Concert Tubular Bells al Sincrotró ALBA

Coproduced by the UAB and Opus One, the concert included the collaboration of the ALBA Synchrotron facility in order to create a unique atmosphere combining science and art under an unrivalled setting.

On 25 May at 9 p.m. (GMT+2), the Universitat Autònoma de Barcelona broadcast free and open for the whole world on its YouTube channel a concert celebrating the 50th anniversary of the release of the album Tubular Bells by British musician Mike Oldfield, interpreted by the Opus One orchestra, directed by Xavier Alern.

The event, co-produced by the UAB and Opus One, included the collaboration of the ALBA Synchrotron facility in order to create a unique atmosphere combining science and art under an unrivalled setting.

A modern music classic

On 25 May 1973, Mike Oldfield, then an unknown British musician in his early twenties, released Tubular Bells, his first solo album, a project that two years earlier had been rejected by several record companies because of its apparent lack of commerciality. The Manor recording studio, where Oldfield worked as a session musician, relied on his artistic talent and the work became the first release of Richard Branson's Virgin Records, and went on to become one of the most influential records in the history of contemporary music.

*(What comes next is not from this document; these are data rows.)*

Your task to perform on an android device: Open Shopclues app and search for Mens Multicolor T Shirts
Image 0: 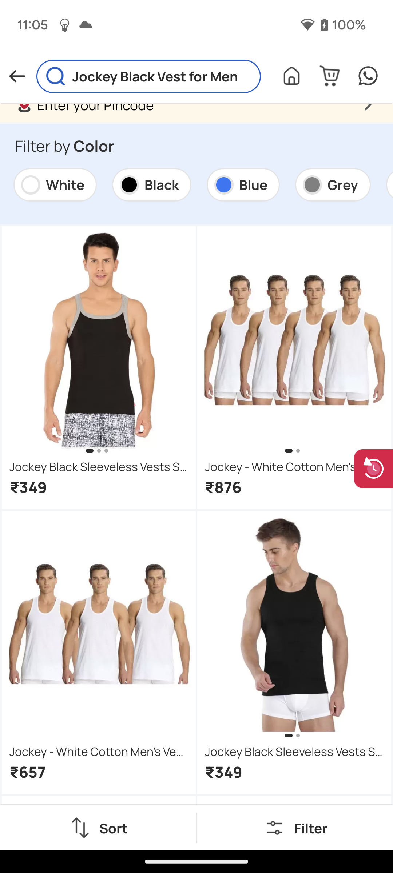
Open ShopClues app
Step 0: open app "ShopClues"
Image 1: 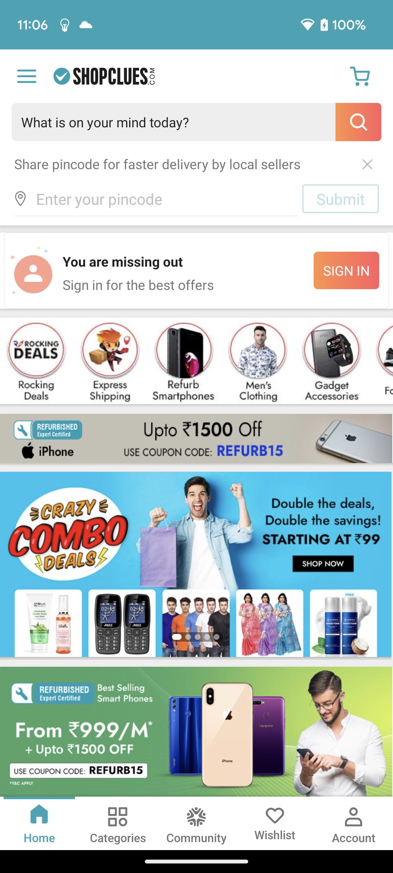
click on search icon at the top right corner of the screen
Step 1: click (196, 122)
Image 2: 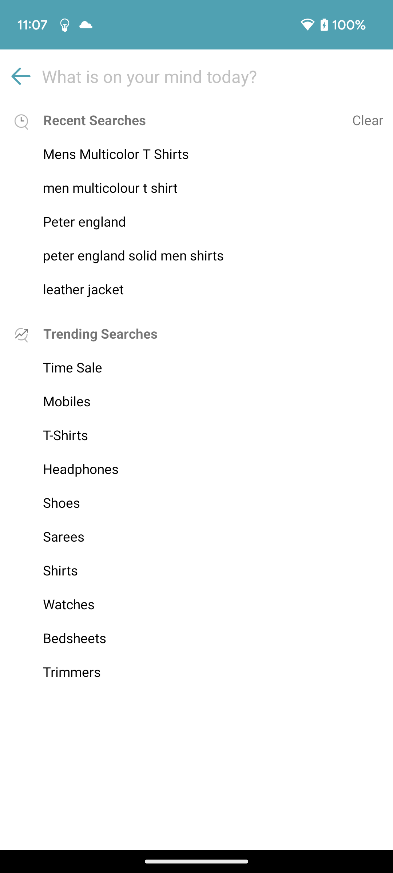
click on search bar
Step 2: click (196, 76)
Image 3: 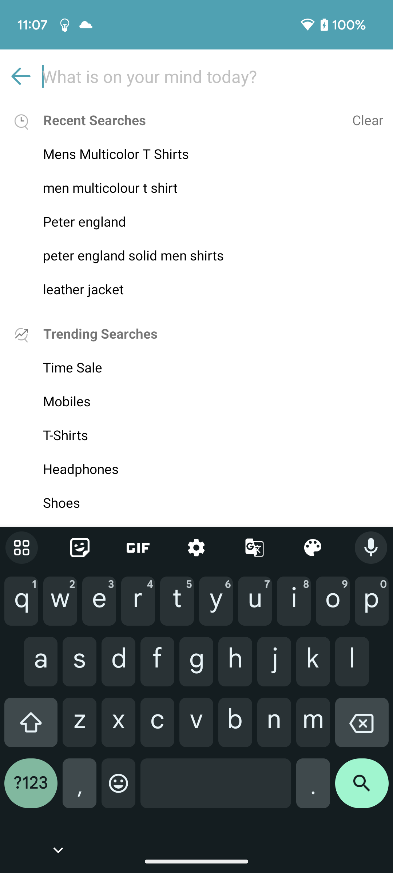
type Mens Multicolor T Shirts in search bar
Step 3: type "Mens Multicolor T Shirts"
Image 4: 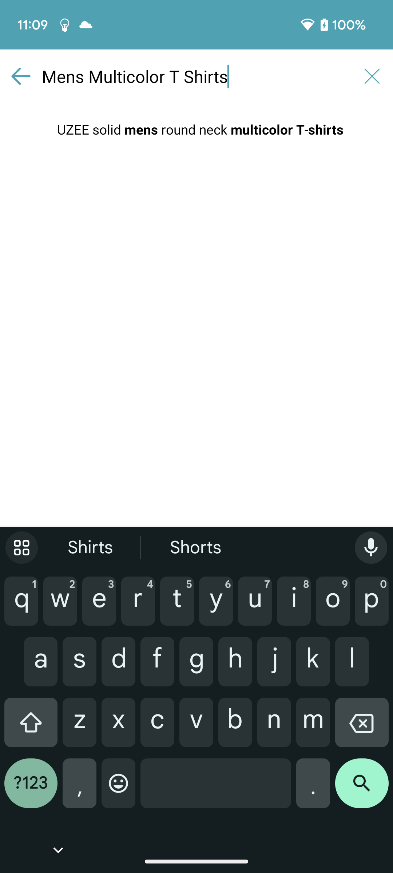
Click on search icon at the bottom right corner of the screen
Step 4: click (362, 789)
Image 5: 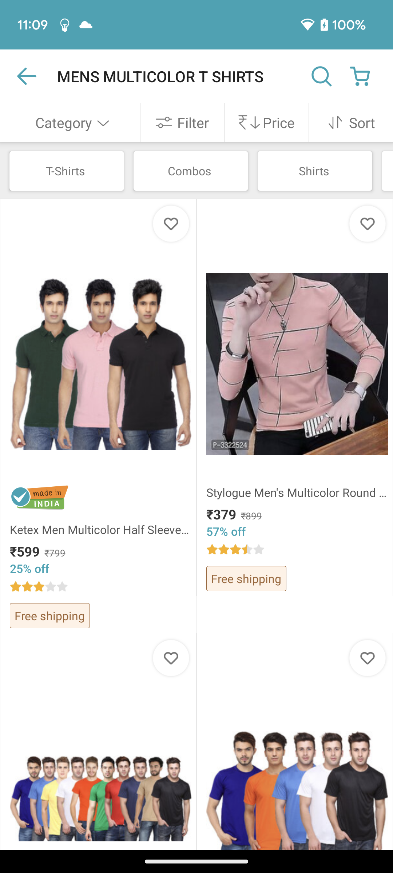
Scroll down to view more
Step 5: scroll down
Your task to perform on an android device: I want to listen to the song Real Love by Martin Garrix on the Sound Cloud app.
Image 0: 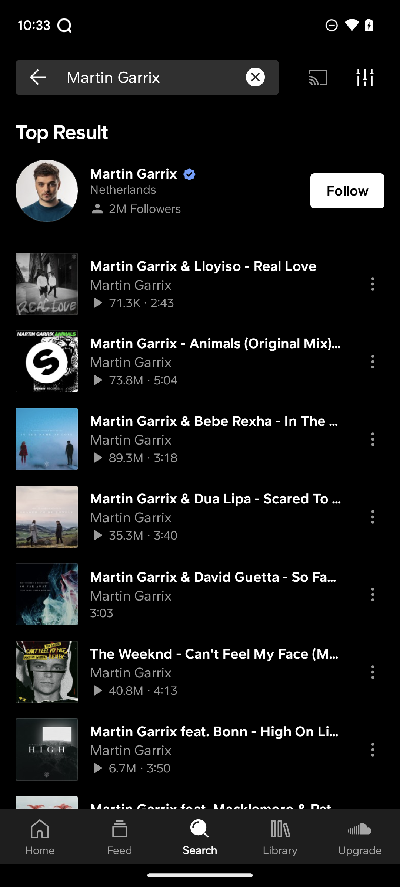
Click on the x icon on the search box.
Step 0: click (256, 77)
Image 1: 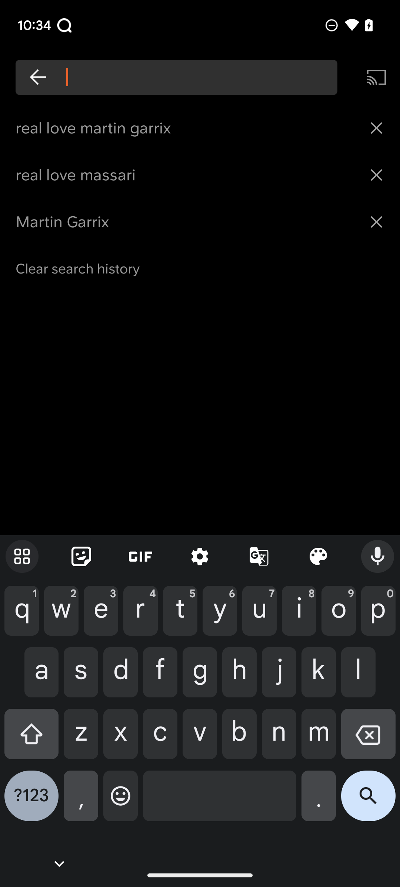
Enter Real Love Martin Garrix in the search box.
Step 1: type "Real Love Martin Garrix"
Image 2: 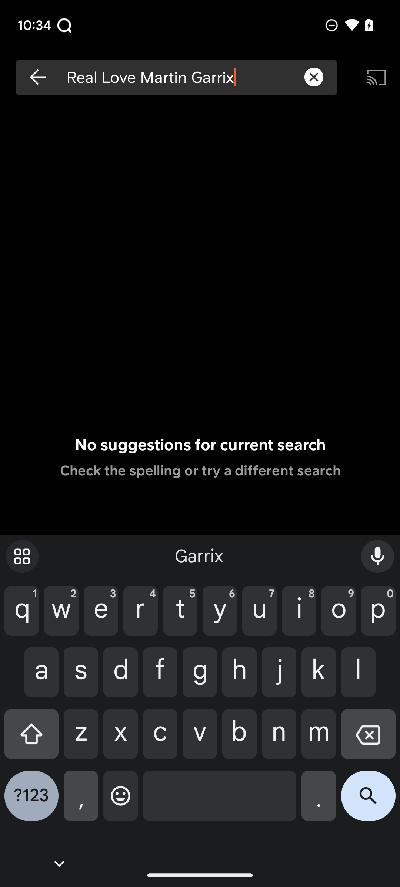
Click on the search icon on the bottom right side of the screen.
Step 2: click (368, 802)
Image 3: 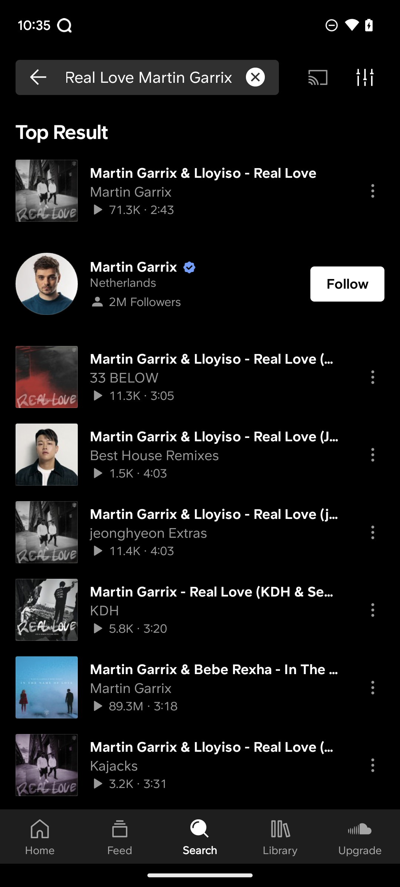
Click on the first song.
Step 3: click (215, 173)
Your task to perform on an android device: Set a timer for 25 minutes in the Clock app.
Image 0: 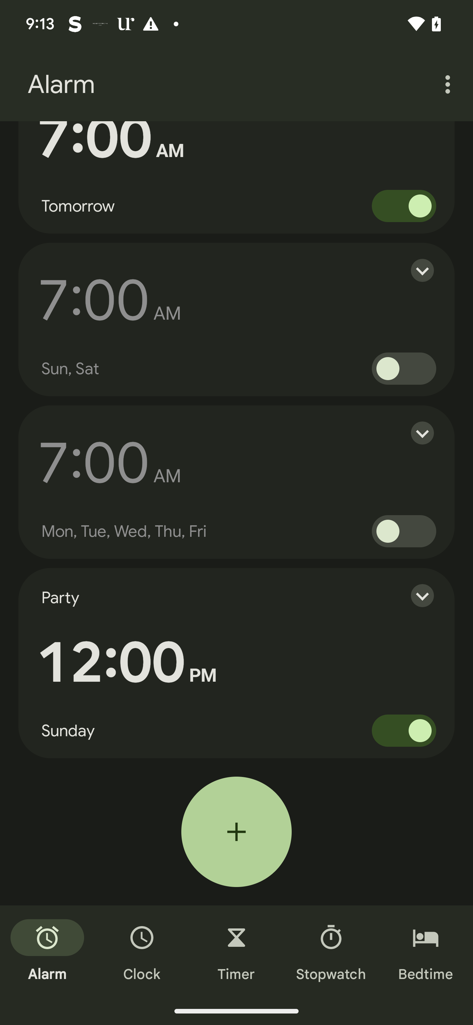
Click on the timer option 
Step 0: click (236, 951)
Image 1: 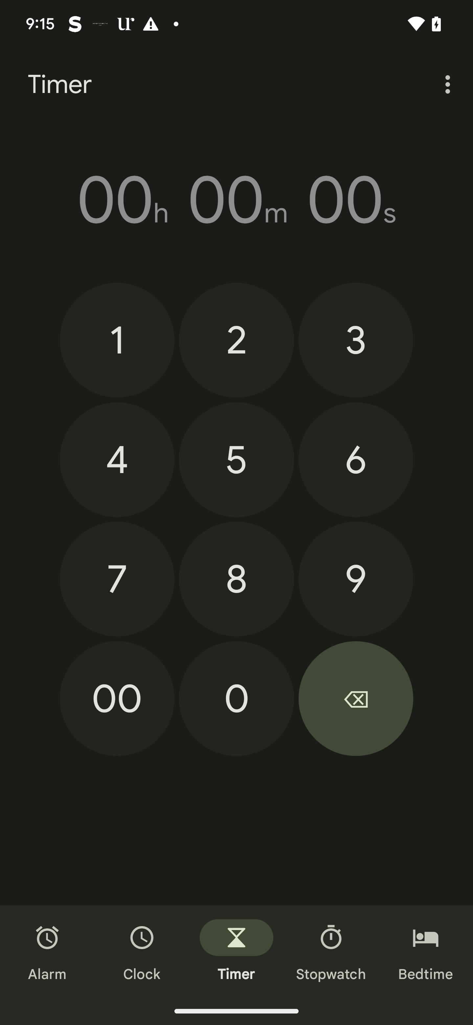
Set a timer for 25 minutes 
Step 1: click (232, 343)
Image 2: 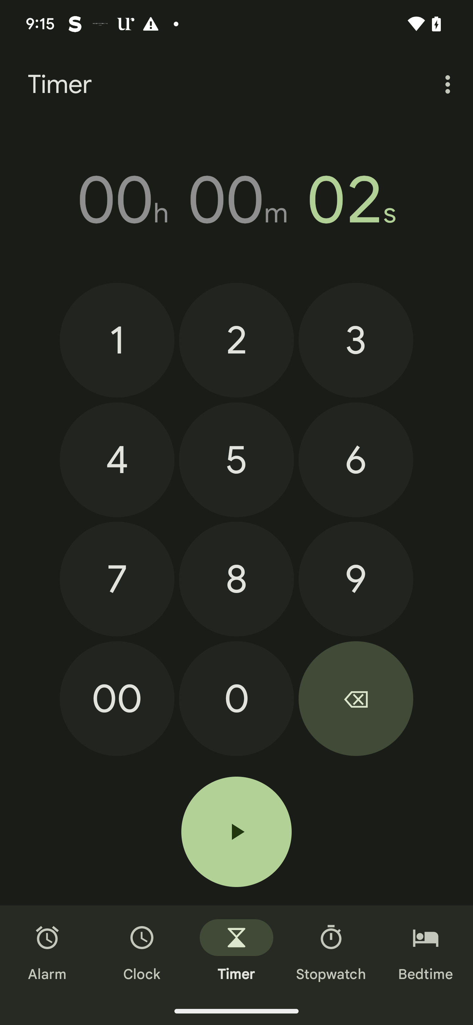
Click on the 5
Step 2: click (248, 461)
Image 3: 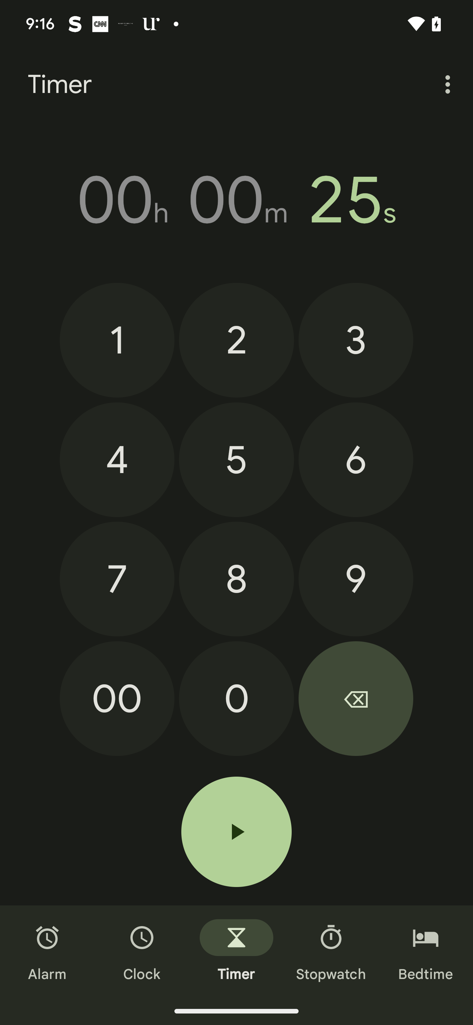
Click on the 00 
Step 3: click (117, 698)

According to Professor Alern, Oldfield's first album represents "a key work in contemporary music, which belongs to a time when the frontier between cultured music and urban music was more imprecise than ever". Tubular Bells, which has sold more than 20 million copies, was also part of the original soundtrack of William Friedkin's 1973 film The Exorcist.

Another peculiarity of Tubular Bells is that the British composer played almost all of the instruments (grand piano, honky-tonk piano, electric, acoustic and classical guitars, drums, Farfisa organs, etc. ) used in the recording: "His astonishing instrumental skills, as well as the beauty of his melodies and his expertise in mixing sounds of different musical styles, earned him the nickname of the Mozart of the 20th century", emphasises the UAB lecturer in Musicology.

The Opus One project

Opus One is a musical group of contemporary instruments made up of seventeen musicians, including several lecturers and alumni of the UAB, and promoted by Xavier Alern to pay homage to Mike Oldfield and the 50th anniversary of his masterpiece. The name of the musical group is related to the original title of the album, but Oldfield changed his mind when he noticed some tubular bells during a recording session, which he later incorporated into his project.  

Xavier Alern's proposal consisted of offering an accurate interpretation of Tubular Bells, without anachronisms and with the utmost respect for the spirit of the mythical 1973 recording.

Following this premiere, Opus One will embark on a world tour that will begin on 13 June with a concert at the Palau de la Música Catalana in Barcelona, where they will perform this and other works by Mike Oldfield, with the participation of Scottish singer Maggie Reilly, known for her collaborations with Mike Oldfield.